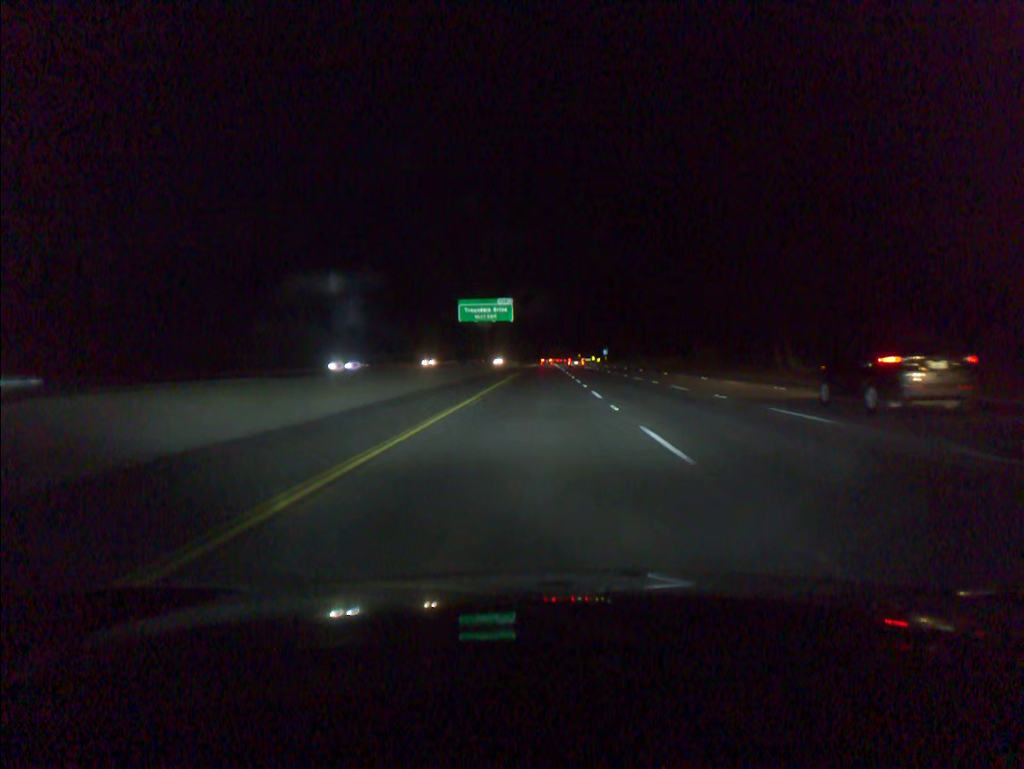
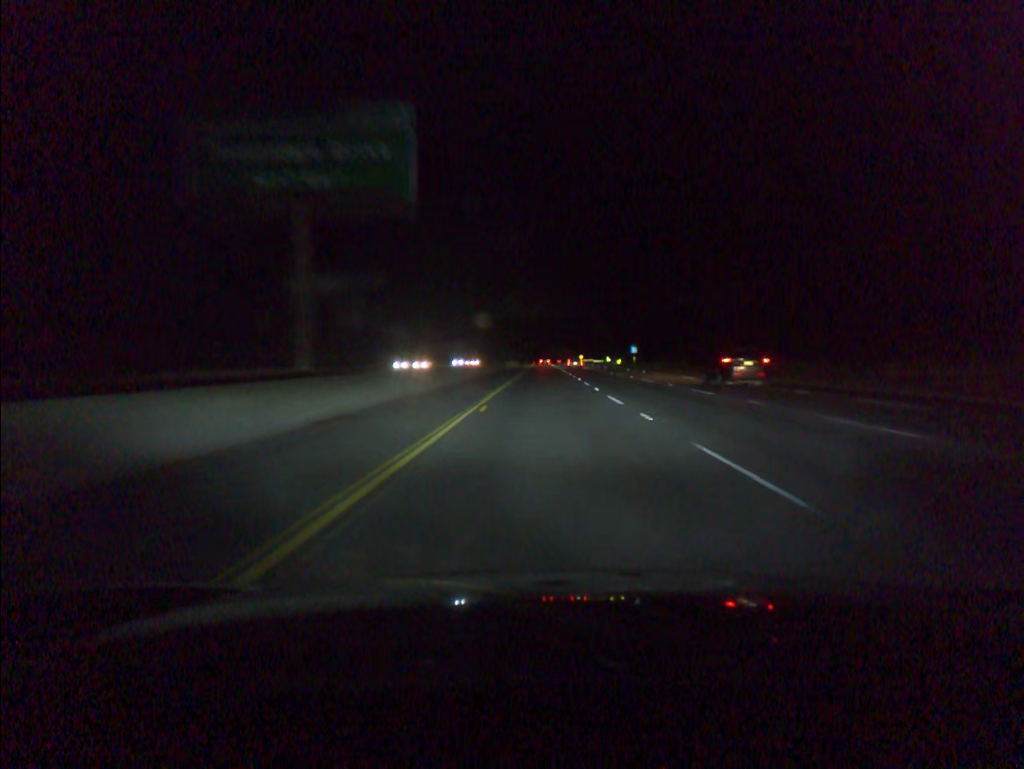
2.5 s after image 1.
(0.0, +75.6) m; 0°
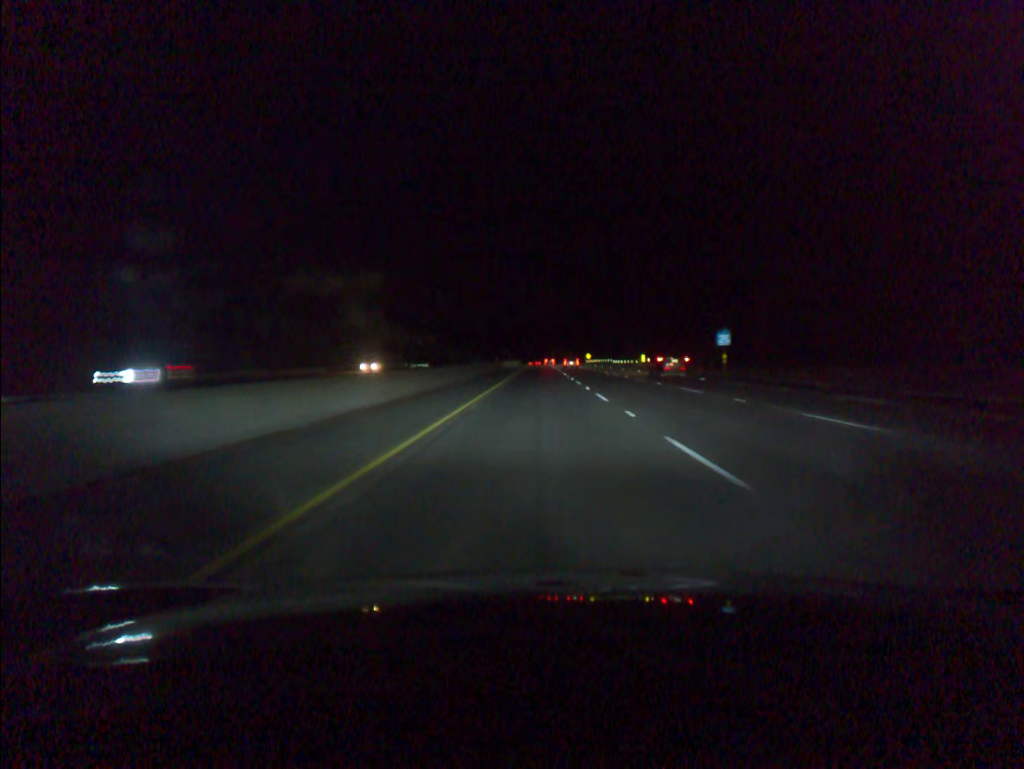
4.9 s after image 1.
(+0.3, +72.1) m; 0°
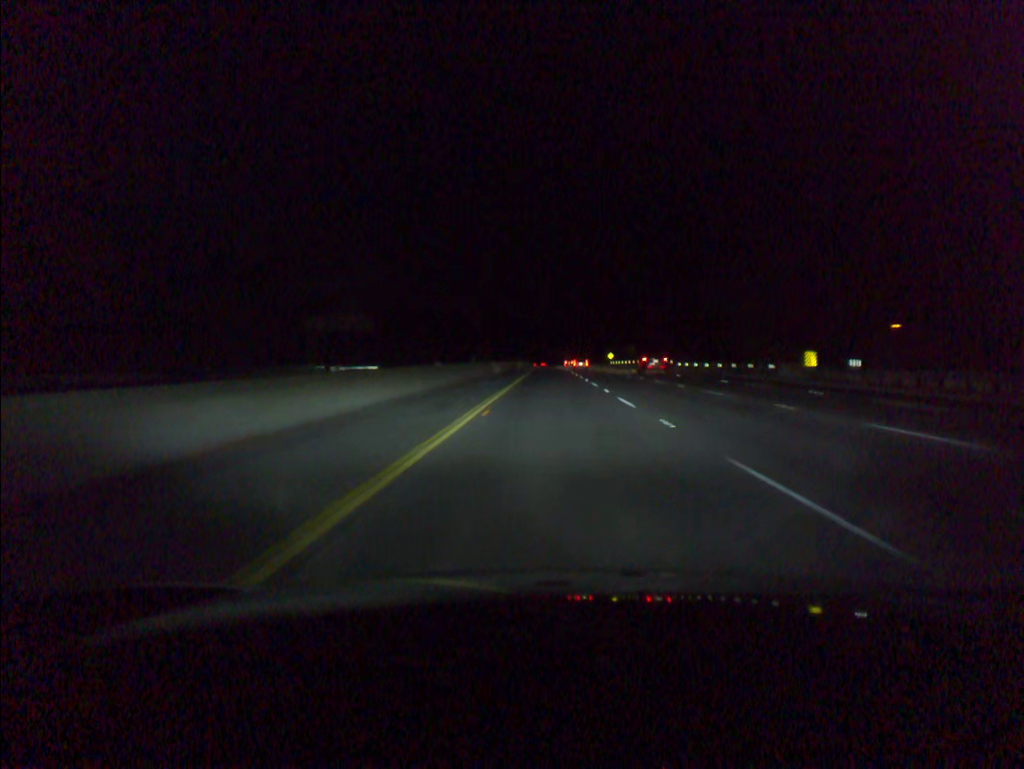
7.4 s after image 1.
(-0.4, +75.1) m; -1°
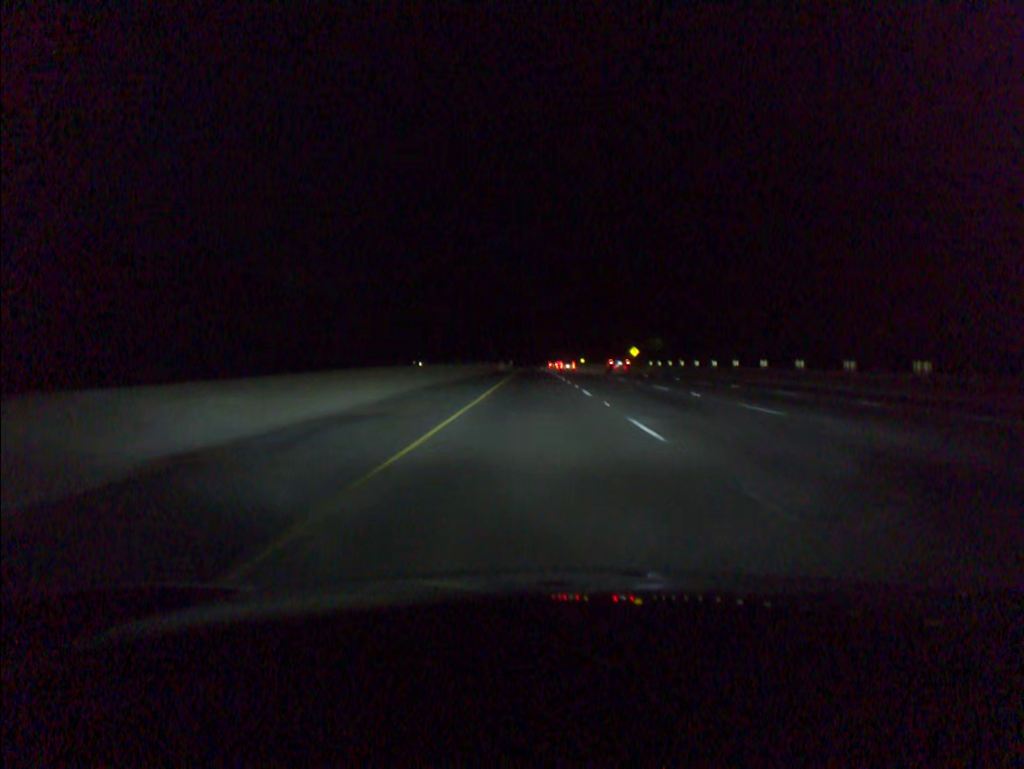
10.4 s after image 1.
(+1.0, +94.8) m; +1°
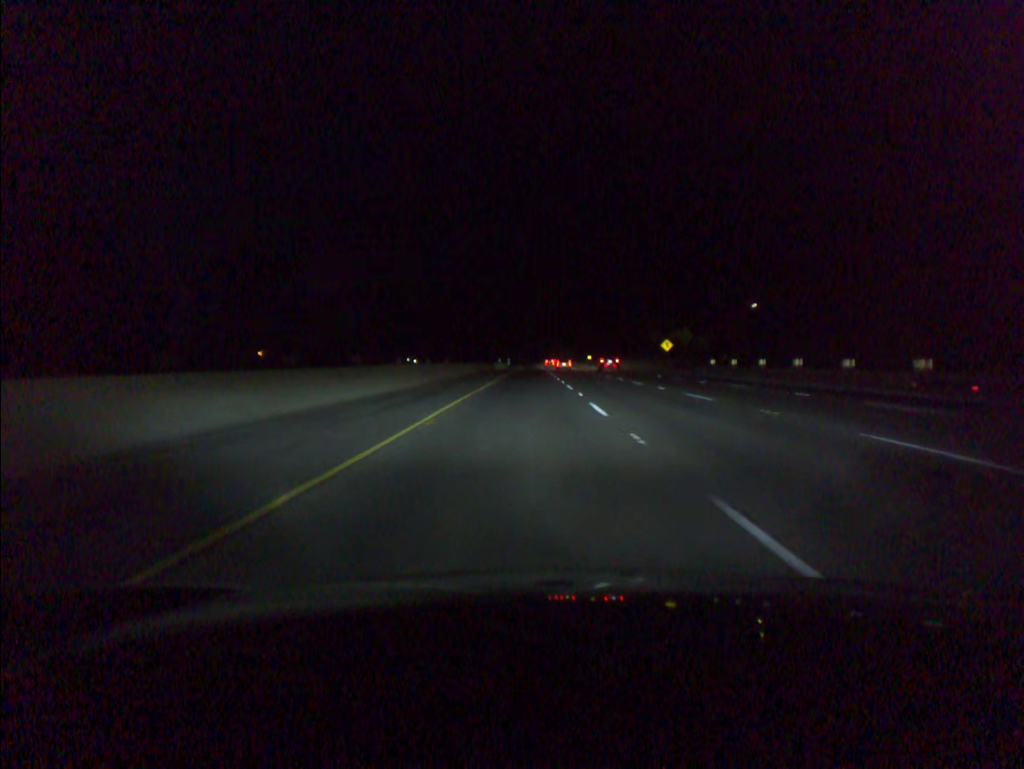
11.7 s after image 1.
(+0.1, +38.9) m; 0°
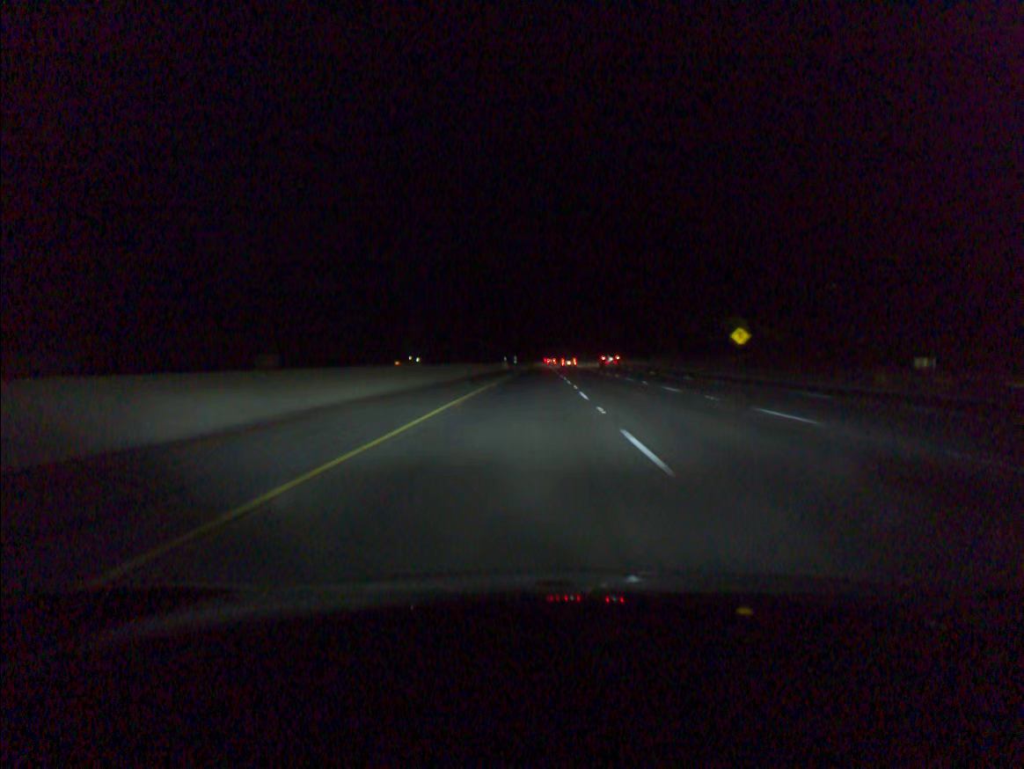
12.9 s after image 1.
(-0.2, +37.5) m; -1°

[WORK ITEM]
Transcribe the whole listing exactly as it stands, apart from the pictures.

[OUTPUT FOR THIS EXERCISE]
2.5 s after image 1.
(0.0, +75.6) m; 0°
4.9 s after image 1.
(+0.3, +72.1) m; 0°
7.4 s after image 1.
(-0.4, +75.1) m; -1°
10.4 s after image 1.
(+1.0, +94.8) m; +1°
11.7 s after image 1.
(+0.1, +38.9) m; 0°
12.9 s after image 1.
(-0.2, +37.5) m; -1°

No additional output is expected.